The Jacobi method is a usual method to solve partial equations in HPC situations such as pollution diffuses throughout a pipe applying the Laplace’s equation for diffusion. A way to parallelise this solution when it is coded is by using the geometric decomposition with Epiphany.
From now, the serial version of the code has a runtime of 4256258 ns. We are going to use OpenMP directives to check how faster is going to be the runtime of the parallel version.
Since loops provided a chance to parallel the code, we are going to use the directive above the two loops with the option collapse (2) and declare all the variables involved as private or shared. The reduction also was set to use the value of bnorm outside the parallel region.There is another parallel region defined by loops to find the value of rnorm (where the reduction was applied).

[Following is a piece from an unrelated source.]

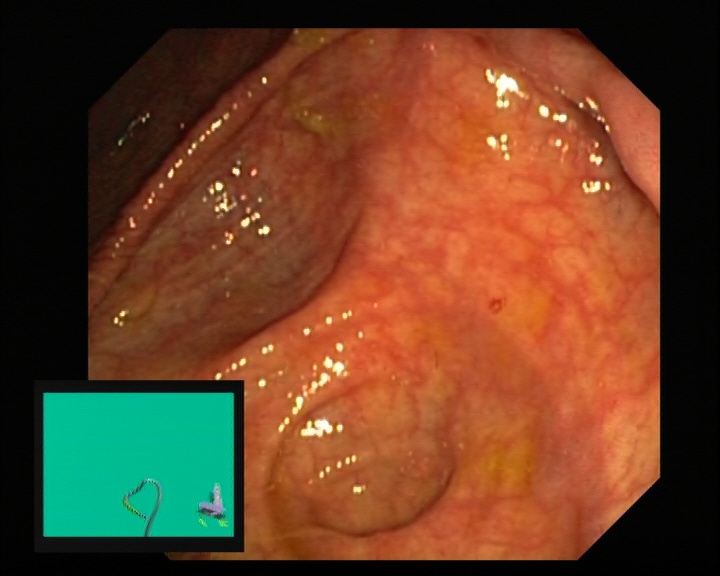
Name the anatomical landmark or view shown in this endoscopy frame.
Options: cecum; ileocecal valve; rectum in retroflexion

cecum

The default nonce will force the declaration of private and shared variables. Notice that there is no need to put brackets after the parallel for directives.The parallel for was also applied in the jacobi iteration. In this case, it was not necessary to use the firstprivate variable which takes the previous value before entering to the loop, it can change inside the loop, and have the same value after the loop as it was entered before.Due to the race condition of threads that are running in the program, there is a swapping zone that ought to be controlled by an OpenMP directive one by one. It is possible to achieve this with the single directive to block other threads job while one is executed.* The program was run with 16 threads (export OMP_NUM_THREADS=16) and different schedules were set such as schedule(static), schedule(static,4), schedule(dynamic), schedule(dynamic,4) with the respective runtimes. Finding the lowest runtime with the static schedule: 431520 ns.
The parallel version then turned to be 10 times faster than the serial version!